Incyte Alert: Buy Gradually
04/17/2014 5:00 pm EST
Despite the momentum off of yesterday's speech from Fed chair Janet Yellen, MoneyShow's Jim Jubak is not fully convinced it's the end of the decline, which is why he plans to pick up some bargains, but to proceed with caution.
With yesterday’s (April 16) “Fed to the rescue” speech from Federal Reserve chair Janet Yellen, I’m going to start, slowly, picking up some bargains from the recent momentum, technology, biotech sell off. The NASDAQ Composite came close to an honest to goodness 10% correction and the iShares NASDAQ Biotechnology ETF (IBB) did drop into 20% bear market territory. I’m not absolutely convinced that we’ve seen the end of this decline, but with Yellen saying that the Fed is likely to keep short-term rates at 0% until unemployment drops to 5.5% (instead of the former 6.5% target) and that this could take two years, I’m willing to put some money to work in a belief that the Fed has shifted the risk/reward ratio in the current market toward reward.

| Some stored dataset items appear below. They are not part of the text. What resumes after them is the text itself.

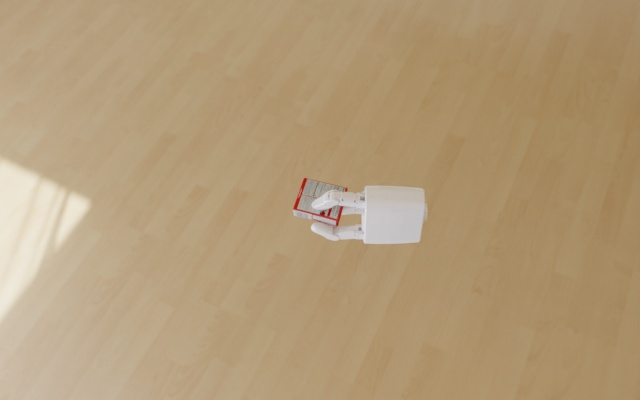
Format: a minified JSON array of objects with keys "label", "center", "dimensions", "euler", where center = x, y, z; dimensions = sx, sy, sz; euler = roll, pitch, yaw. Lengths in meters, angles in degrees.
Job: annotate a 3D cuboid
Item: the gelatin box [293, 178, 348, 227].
[{"label":"gelatin box","center":[0.000,0.003,0.899],"dimensions":[0.089,0.073,0.030],"euler":[14,-28,7]}]
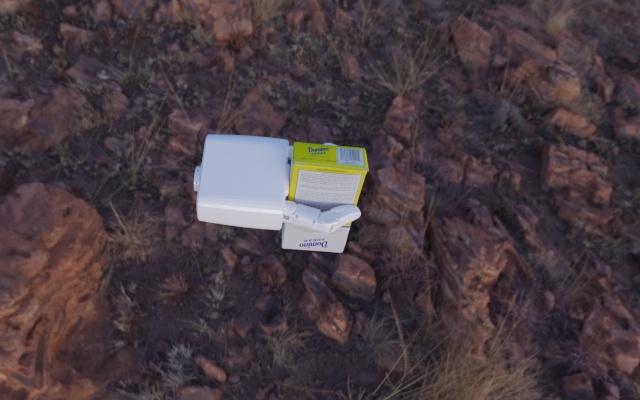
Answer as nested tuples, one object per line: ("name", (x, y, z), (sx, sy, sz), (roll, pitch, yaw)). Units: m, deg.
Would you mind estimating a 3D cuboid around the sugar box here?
("sugar box", (0.000, 0.002, 0.644), (0.093, 0.048, 0.176), (5, -39, -7))
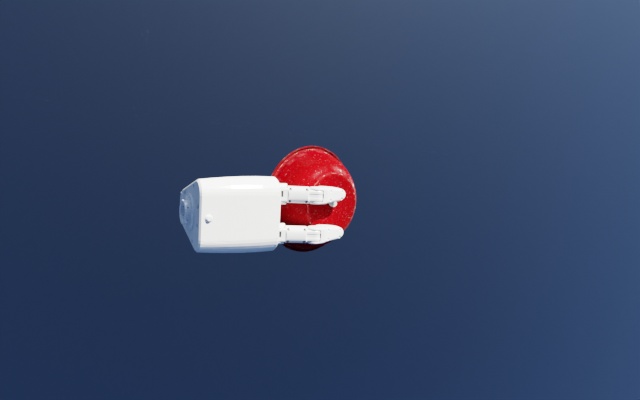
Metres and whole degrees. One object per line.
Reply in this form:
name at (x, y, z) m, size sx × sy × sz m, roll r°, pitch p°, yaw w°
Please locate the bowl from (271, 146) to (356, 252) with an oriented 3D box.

Today I’m going to add one biotech stock, Incyte (INCY) to my Jubak’s Picks portfolio. The shares are up 2.73% today, as of 1:45 PM New York time (although I have the hope that they’ll close the day lower since I’d expect some squaring of positions before the three-day Good Friday/Easter weekend.) Even with that gain today, the shares are still down 33.9% from their February 25, 2014 high.
But I’m not buying Incyte simply because it was a high-flying momentum stock that I expect to regain its momentum (although I do). Incyte is on the cutting edge of a new wave of cancer drugs that attacks the connection between cancer and inflammation. This connection, once controversial, now looks like one of the most promising and broadest new approaches to fighting cancer. In 2014 and 2015, Incyte is set to announce the results of trials that will, in my opinion, validate its cancer platform. That will put the company in the position of introducing a number of drugs, based on that platform, but targeted to specific cancers.

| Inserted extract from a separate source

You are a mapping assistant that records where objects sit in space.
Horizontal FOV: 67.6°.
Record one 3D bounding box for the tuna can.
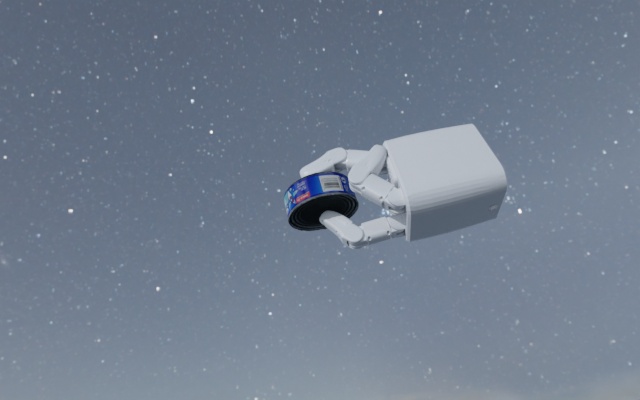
[{"bbox_3d":[0.000,0.001,0.571,0.086,0.033,0.086,-12,-28,-7],"label":"tuna can"}]

The first results have come in Phase II trials of Incyte’s JAK inhibitors in pancreatic cancer. The FDA has agreed to a Special Protocol Assessment for a Phase III trial that will target the subgroup that showed the most positive response in the Phase II trials. (The company also plans to conduct a parallel Phase III trial with a broader population.) Enrollment in these trials is scheduled for the first half of 2014.
In addition, Incyte will start three Phase II trials in the first half of 2014, to evaluate the same therapy in non-small cell lung cancer, colon cancer, and breast cancer.

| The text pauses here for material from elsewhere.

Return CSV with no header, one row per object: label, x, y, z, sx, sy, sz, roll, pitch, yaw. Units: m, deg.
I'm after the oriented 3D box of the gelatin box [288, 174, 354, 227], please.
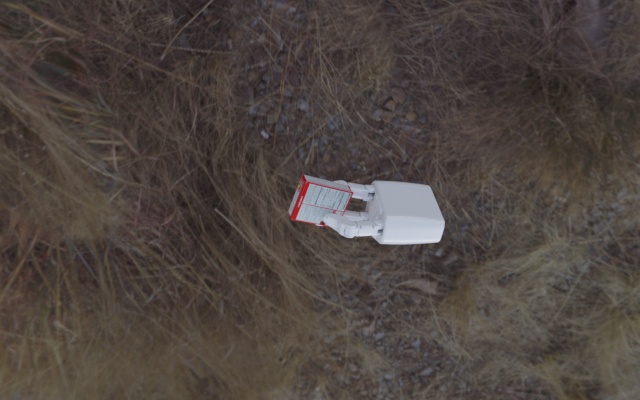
gelatin box,0.000,0.003,0.791,0.089,0.073,0.030,12,26,-23

One of the most intriguing aspects of Incyte’s cancer-inflation platform is that it could also yield approaches to non-cancer inflammation-based diseases, such as rheumatoid arthritis and psoriasis. Incyte is involved with Eli Lilly (LLY) in Phase II trials of a rheumatoid arthritis drug with first results scheduled for presentation in 2015. (Incyte’s funding deal with Lilly for this drug gives Incyte a potential high-20% royalty participation.)
All in all, by the end of 2014, Incyte will have nine different drugs in clinical development for 26 different indications. Of those 26, 21 indications are in cancer.
I also like that Incyte has been able to recruit major talent in Herve Hoppenot, the president of Novartis Oncology from 2010 until January 2014, as its new CEO. (Novartis (NVS) is one of Incyte’s key marketing partners in Europe.)
My initial target price for Incyte is $68 by October 2014.
Full disclosure: I don’t own shares of any of the companies mentioned in this post in my personal portfolio. When in 2010 I started the mutual fund I manage, Jubak Global Equity Fund, I liquidated all my individual stock holdings and put the money into the fund. The fund did not own shares of Incyte as of the end of December. In preparation for closing the fund at the end of May, as of the end of March I had moved the fund’s holdings almost totally to cash.